Bracker reported that the protoplast of the neck or stalk region lacks the cell organelles whereas that of the haustorial body possesses mitochondria with plate-like cristae ,endoplasmic reticulum and a single nucleus but lacks the golgi apparatus.
An electron dense matrix of finely granular amorphous material up to 5 µ surrounds the outer face of the body region of the haustorium and extends around the finger-like haustorial lobes. This sheath-like matrix is called the sheath matrix or extra haustorial matrix.
It is absent in the neck region. A thin membranous covering known as the sheath membrane or extra haustorial membrane (sometimes referred to as encapsulation membrane) delimits the sheath matrix from the host cytoplasm and thus forms the interface between the two.
The sheath membrane is considered a derivation of the host plasma membrane. This view is based on the hypothesis that the host plasma membrane is invaginated by the penetrating haustorium. The haustorium thus lies outside the host cytoplasm.
It is surrounded by a thin layer of host cytoplasm covered by the tonoplast on the side facing the central vacuole and by a sheath membrane (invaginated host plasma membrane) on the side facing the haustorium.
The sheath matrix forms the physical boundary and the sheath membrane the key to the physical relationship between the host and the obligate fungal parasite. All interactions between the host and the parasite occur through this region.
5. Disease Aspect of Erysiphe:
Erysiphe is the causal agent of powdery mildew disease. The disease does not kill the host plant but it is reduced in vigour owing to constant loss of food. There is reduced yield and reduction in normal plumpiness of the Kernel.
The disease appears on the aerial parts of the plant as white mildewy patches. At a later stage cleistothecia are visible as black specks over the white mycelial felt.
Baenziger and Kilpatrick (1979) reported that yield losses caused by powdery mildew of wheat (Triticium aestivum) can be as high as 45 percent. This is attributed to the decrease in the photosynthetic activity of the leaf tissue as a result of the death of the mesophyll cells adjacent to the epidermal cells containing functional haustoria.
Last (1962) reported that the infected barley plants showed reduced yield, grain size and number of tillers. The root growth was reduced more than shoot growth. These harmful effects are attributed to increased respiration and decreased photosynthetic activity which result in deprivation to host of necessary metabolites for normal growth.
According to many workers, overwintering takes place in the cleistothecial stage. Mundkar (1949) reported that the disease perpetuates through the dormant mycelium. According to Walker (1969), the parasite overwinters as a mycelial mat.

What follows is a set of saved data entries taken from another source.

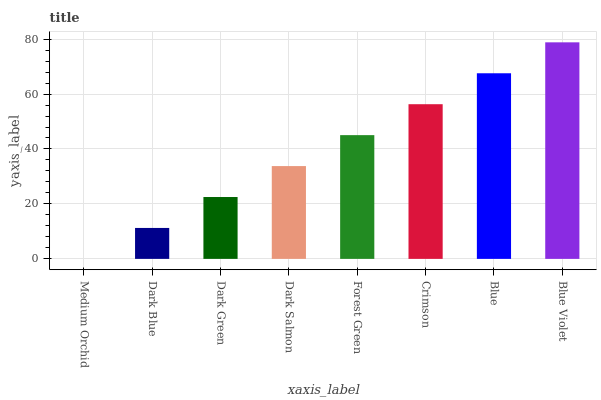Is Medium Orchid the minimum?
Answer yes or no. Yes. Is Blue Violet the maximum?
Answer yes or no. Yes. Is Dark Blue the minimum?
Answer yes or no. No. Is Dark Blue the maximum?
Answer yes or no. No. Is Dark Blue greater than Medium Orchid?
Answer yes or no. Yes. Is Medium Orchid less than Dark Blue?
Answer yes or no. Yes. Is Medium Orchid greater than Dark Blue?
Answer yes or no. No. Is Dark Blue less than Medium Orchid?
Answer yes or no. No. Is Forest Green the high median?
Answer yes or no. Yes. Is Dark Salmon the low median?
Answer yes or no. Yes. Is Dark Green the high median?
Answer yes or no. No. Is Blue Violet the low median?
Answer yes or no. No. 
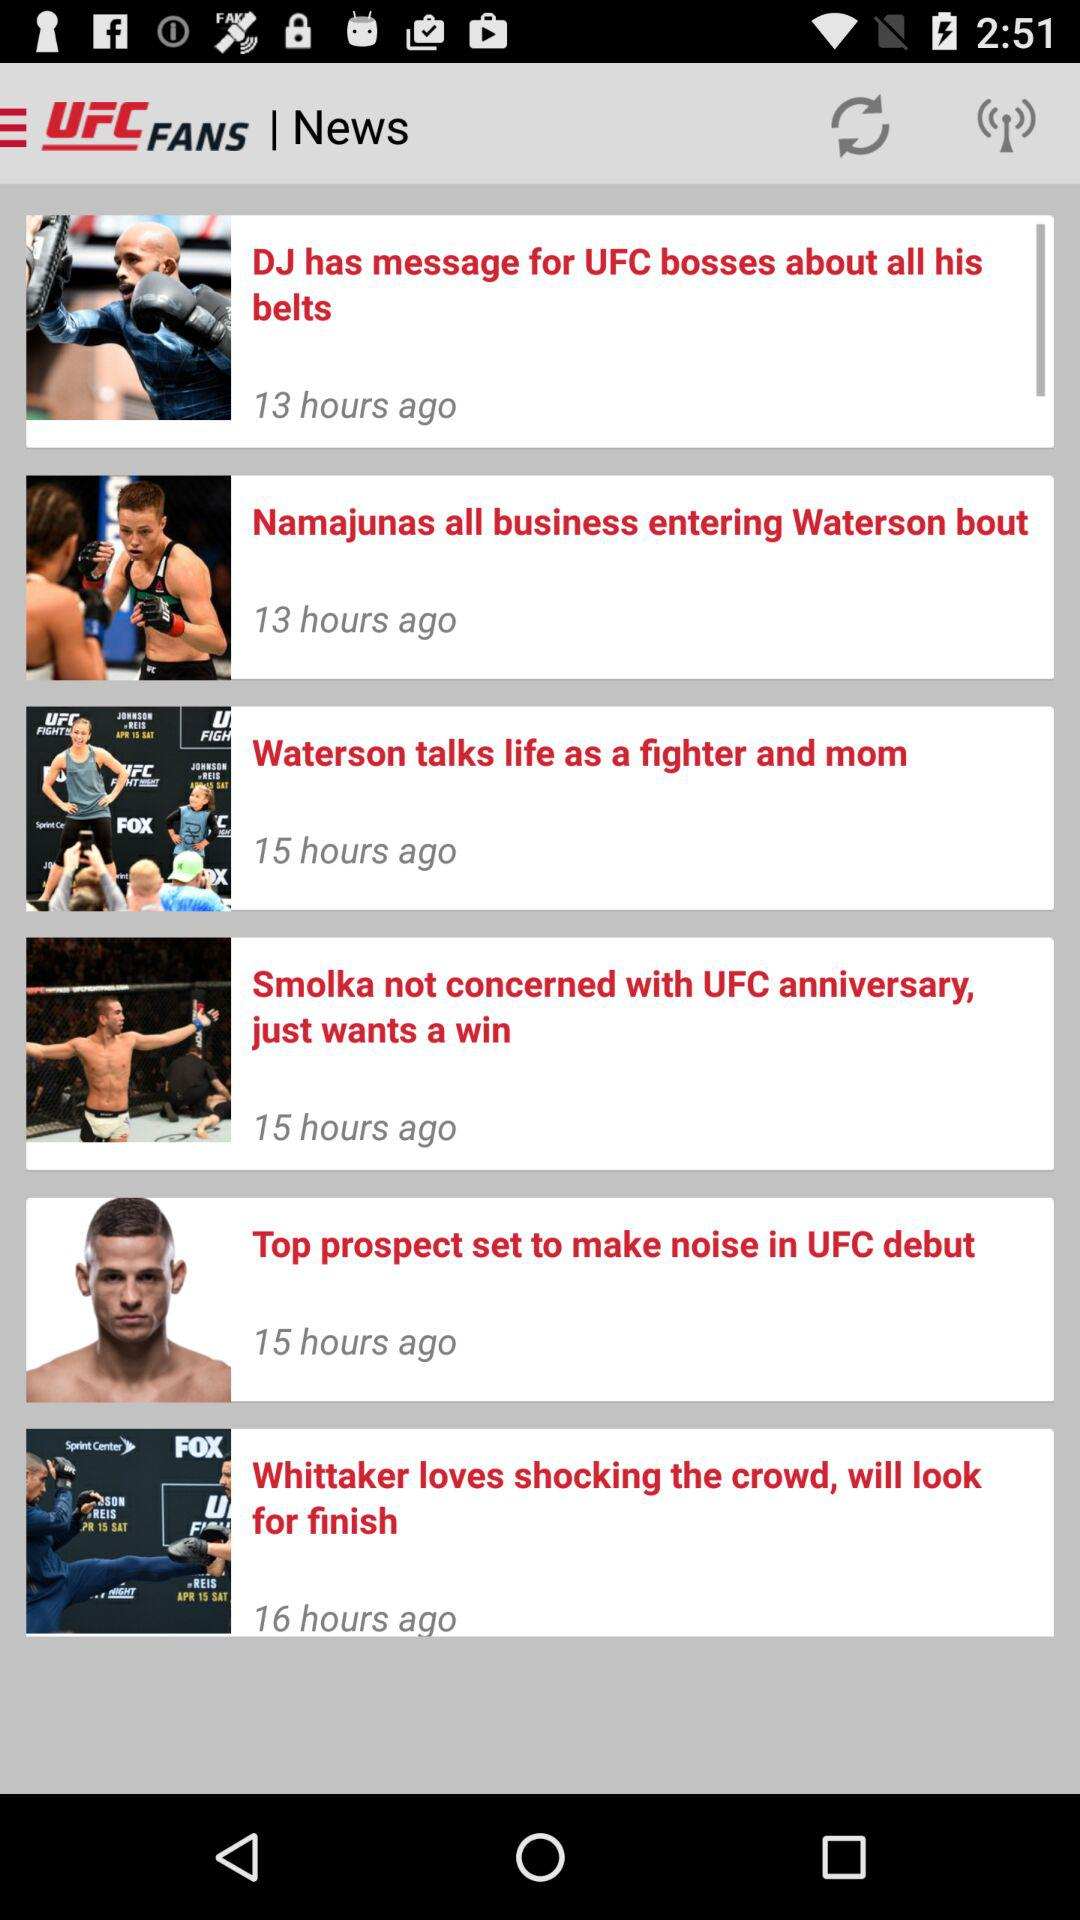When was the article published? The article was published on April 13, 2017. 
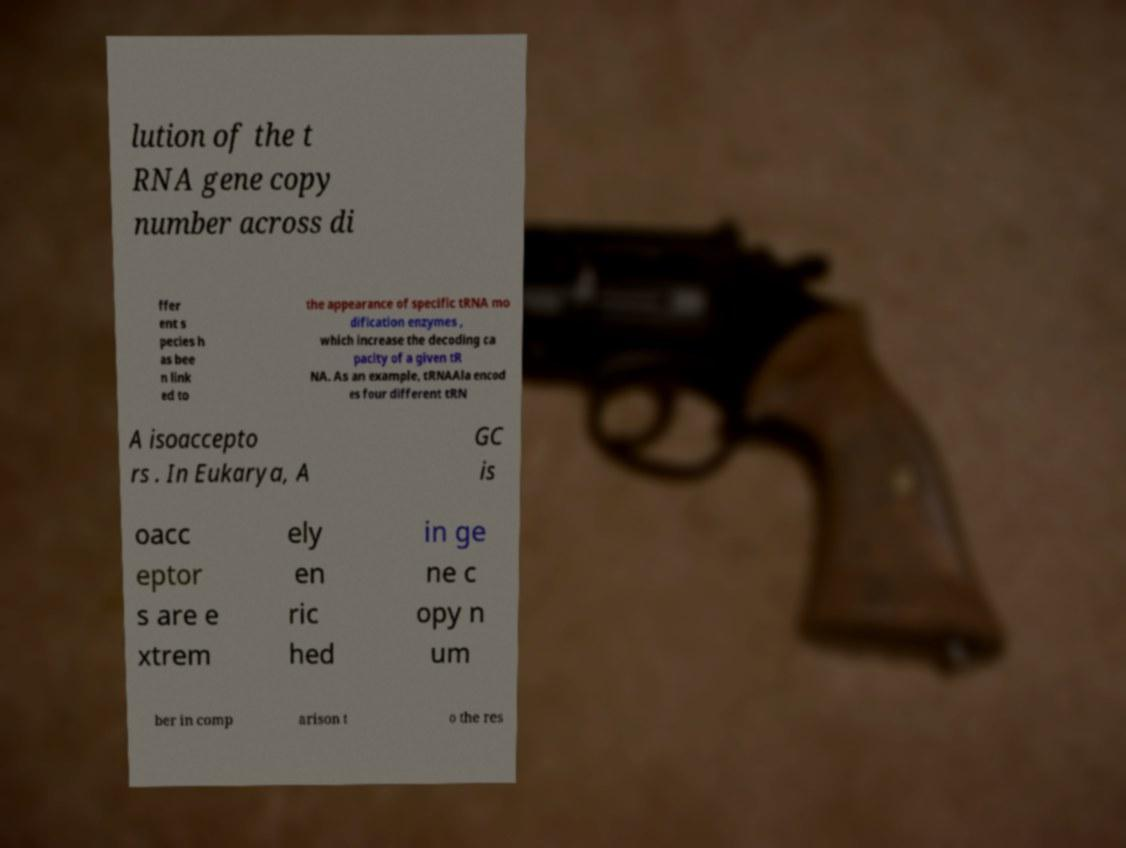I need the written content from this picture converted into text. Can you do that? lution of the t RNA gene copy number across di ffer ent s pecies h as bee n link ed to the appearance of specific tRNA mo dification enzymes , which increase the decoding ca pacity of a given tR NA. As an example, tRNAAla encod es four different tRN A isoaccepto rs . In Eukarya, A GC is oacc eptor s are e xtrem ely en ric hed in ge ne c opy n um ber in comp arison t o the res 
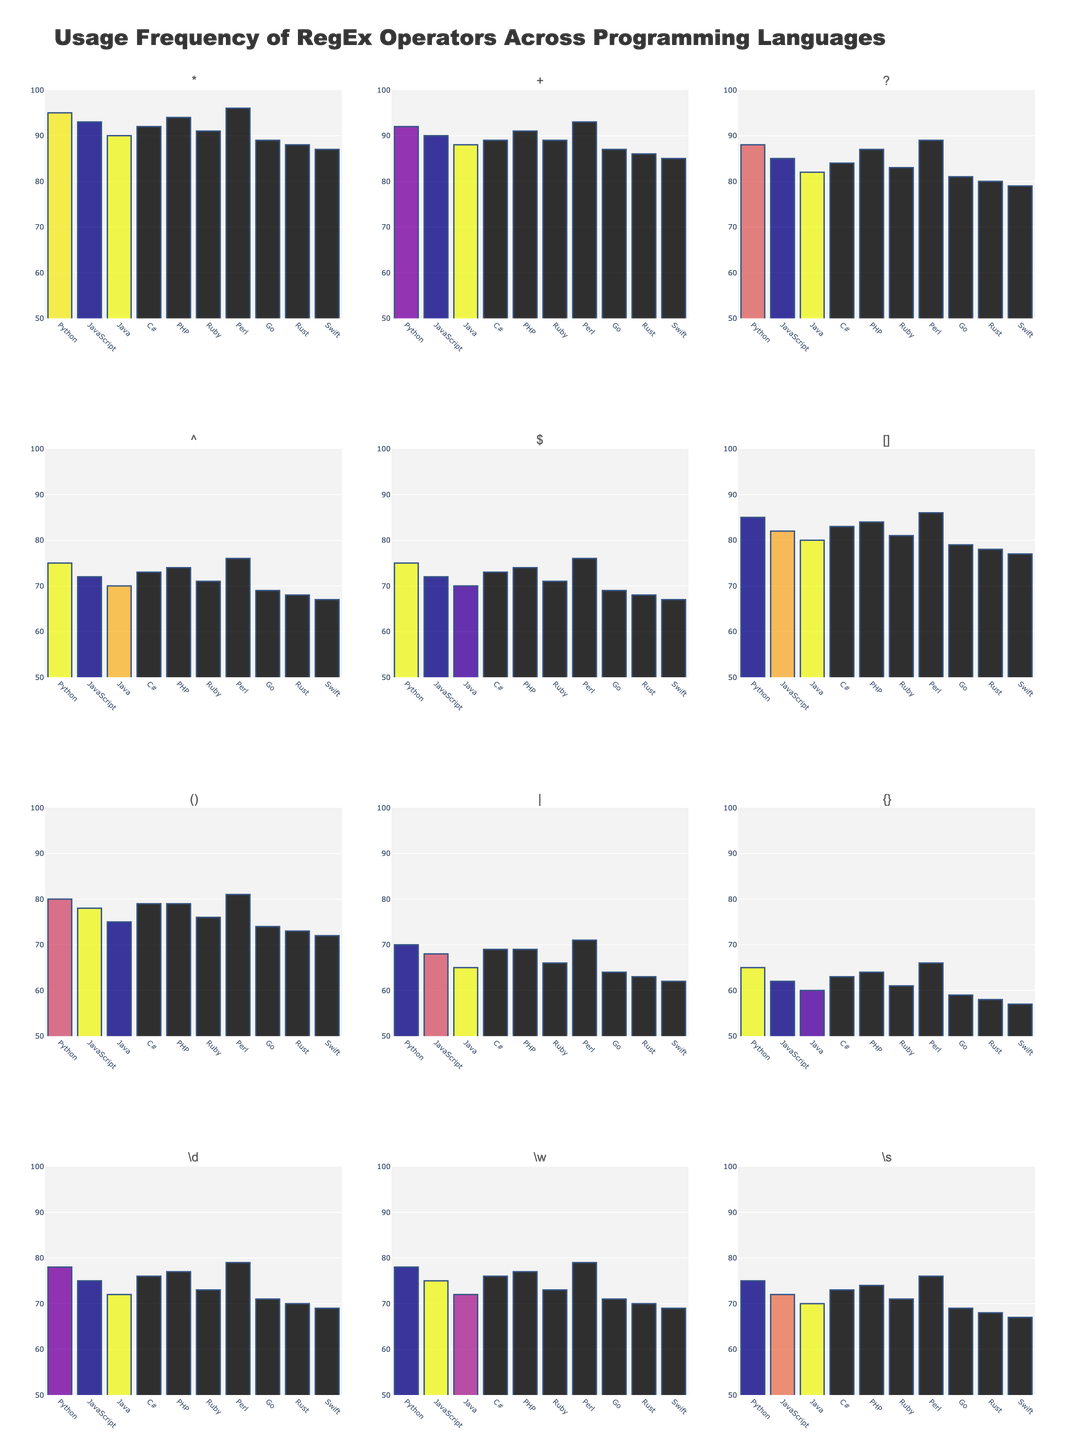What is the most frequently used regular expression operator in Python? The bar chart for Python shows the height of each bar representing the usage frequency of various operators. The bar corresponding to '*' is the tallest.
Answer: * Which language uses the '\d' operator with the same frequency? Both Python and Perl have bars for the '\d' operator at the same height, indicating equal usage frequency. These bars are the third from the right on the respective subplots.
Answer: Python and Perl Which operator has the highest average usage across all programming languages? To find the average, sum the frequencies of each operator for all languages and then divide by the number of languages. The '*' operator has the highest bar heights on average across all languages.
Answer: * How does the usage frequency of the '+' operator in Java compare to that in JavaScript? By comparing the heights of the bars for the '+' operator in the Java and JavaScript subplots, we can see that Java has a slightly lower usage frequency than JavaScript.
Answer: JavaScript uses it more Which operator shows the least variation in usage frequency across all languages? The operator with bars of almost equal heights in all subplots indicates the least variation. The '^' operator has nearly consistent bar heights across languages.
Answer: ^ Is the usage frequency of the '[]' operator in Ruby greater than in Go? By comparing the height of the '[]' operator bar in the Ruby subplot with the one in the Go subplot, Ruby's bar is taller, indicating a higher usage frequency.
Answer: Yes How does the usage frequency of the '()' operator in C# compare to its usage in Rust? The height of the bars for the '()' operator in the C# and Rust subplots shows that C# has a higher frequency than Rust.
Answer: C# uses it more Which language has the lowest usage frequency for the '$' operator? The bar for the '$' operator in the Swift subplot is the shortest among all languages for this operator, indicating the lowest usage frequency.
Answer: Swift What is the difference in usage frequency of the '\w' operator between Perl and Swift? Subtract the height of the '\w' operator bar in the Swift subplot from that in the Perl subplot: 79 (Perl) - 69 (Swift) = 10.
Answer: 10

The cleistothecia appear to him of secondary importance in overwintering.
There is evidence to show that the mycelium in some species of powdery mildews may overwinter in the dormant buds of perennial host plants. Yarwood (1957) is of the opinion that in warm climates the powdery mildews do not form cleistothecia. They perpetuate themselves by means of conidia. This view appears to be more plausible.
Sowing resistant varieties of crop plants provides the best control of the disease. Rogueing of the diseased plants and burning them in the field is important. Dusting the crop with sulphur dust or spraying with karathane is effective in controlling the disease.
Powers (1958) reported that the antibiotic Anisomycin is effective to eradicate powdery mildew disease on wheat leaves. It is effective primarily by direct contact in the form of sprays.